When the advertising cost is \(\$4500\), the estimated number of products sold is \(68,336\).

\(~\)

Problem 4: An article in Business Week listed the “Best Small Companies” with its sales and earnings. A random sample of 12 companies was selected and the sales and earnings, in millions of dollars, are reported below.

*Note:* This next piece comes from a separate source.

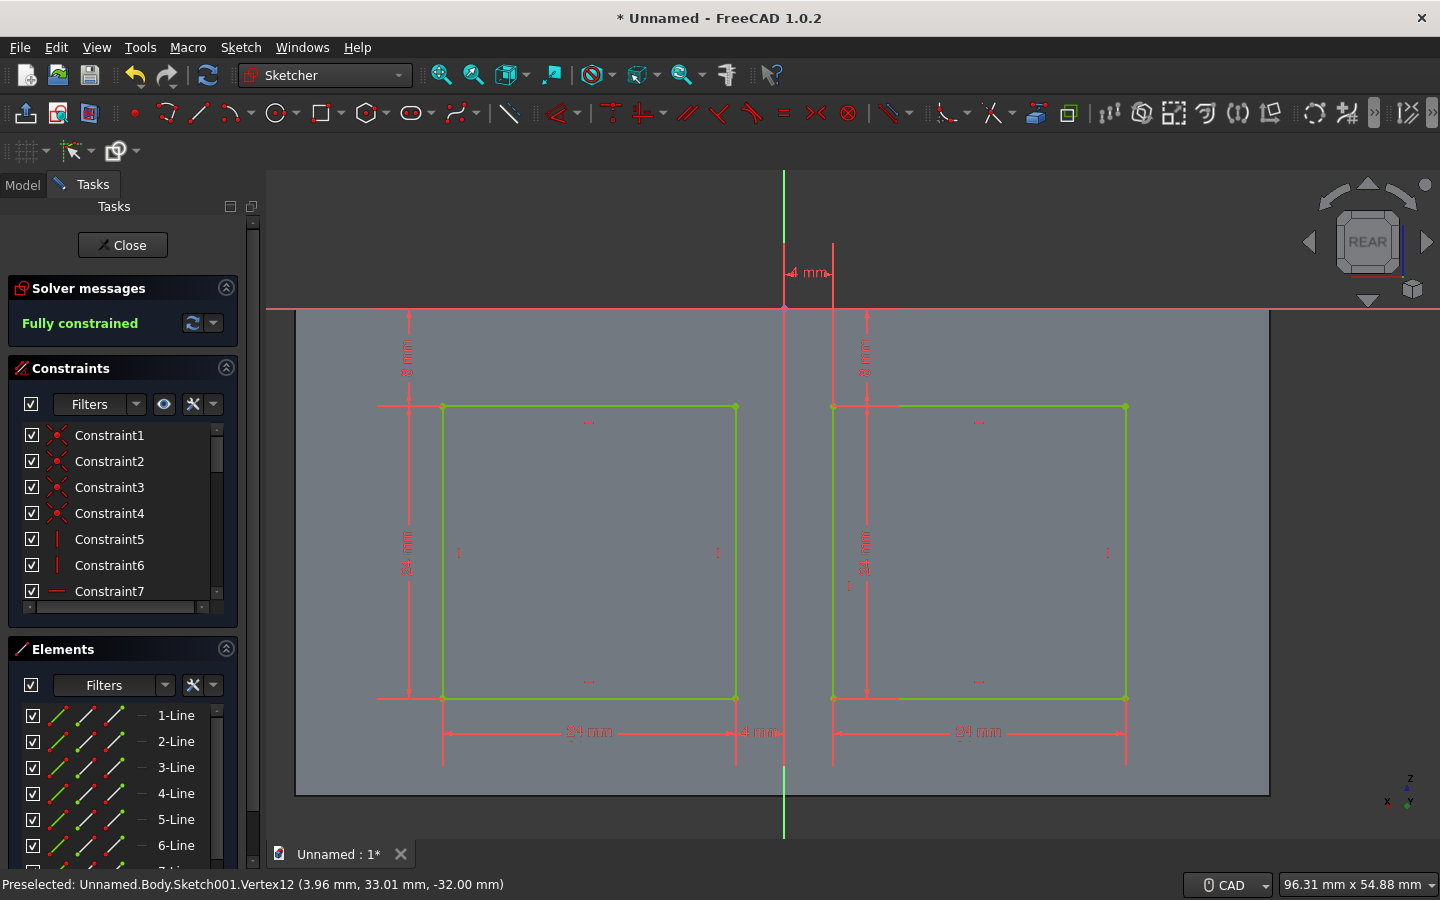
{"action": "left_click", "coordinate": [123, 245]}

Small Company Sales (in million $) Earnings (in million $)
1 89.2 4.9
2 18.6 4.4
3 18.2 1.3
4 71.7 8.0
5 58.6 6.6
6 46.8 4.1
7 17.5 2.6
8 11.9 1.7
9 19.6 3.5
10 51.2 8.2
11 28.6 6.0
12 69.2 12.8

\(~\)

Create data manually in RStudio:

sales1 <- c(89.2, 18.6, 18.2, 71.7, 58.6, 46.8, 17.5, 11.9, 19.6, 51.2, 28.6, 69.2)
earnings <- c(4.9, 4.4, 1.3, 8.0, 6.6, 4.1, 2.6, 1.7, 3.5, 8.2, 6.0, 12.8)

\(~\)

  1. Plot and interpret the scatter diagram. (3 pts.)
plot(sales1, earnings, main = "Scatter Plot of Data", 
     xlab = "Sales (in million $)", ylab = "Earnings (in million $)")

\(~\)

The scatter plot indicates an upward linear trend of the scatter points. This would imply a positive linear relationship between Sales and Earnings.

\(~\)

b.) Find the estimated linear regression equation to predict earnings from sales. (4 pts.)

reg.model4 <- lm(earnings~sales1)
pander(summary(reg.model4))
  Estimate Std. Error t value Pr(>|t|)
(Intercept) 1.852 1.413 1.311 0.2192
sales1 0.08357 0.02901 2.881 0.01635
Fitting linear model: earnings ~ sales1 \(~\)
Observations Residual Std. Error \(R^2\) Adjusted \(R^2\)
12 2.518 0.4536 0.399

The estimated linear regression equation is given by: \(Earnings = 1.852 + 0.08357*Sales\)

\(~\)

c.) Compute for the coefficient of correlation. Interpret (2 pts.)

pander(cor.test(sales1, earnings, method = "pearson"))
Pearson’s product-moment correlation: sales1 and earnings \(~\)
Test statistic df P value Alternative hypothesis cor
2.881 10 0.01635 * two.sided 0.6735

The obtained correlation coefficient of \(0.6735\) indicates a strong, positive linear relationship between Sales and Earnings.

\(~\)

d.) Compute the coefficient of determination. Interpret. (2 pts.)

The obtained coefficient of determination of \(0.4536\) from the simple linear regression analysis indicates that 45.36% of the variation in the dependent variable, Earning, is explained by the linear relationship between Earnings and Sales.

\(~\)

e.) For a small company with $50 million in sales, estimate the earnings. (2 pts.)

comsales <- 50
comearnings <- 1.852+(0.08357*comsales)
comearnings
## [1] 6.0305

\(~\)

For the given company with \(\$50\) million sales, the estimated earnings is \(\$6.0305\) million.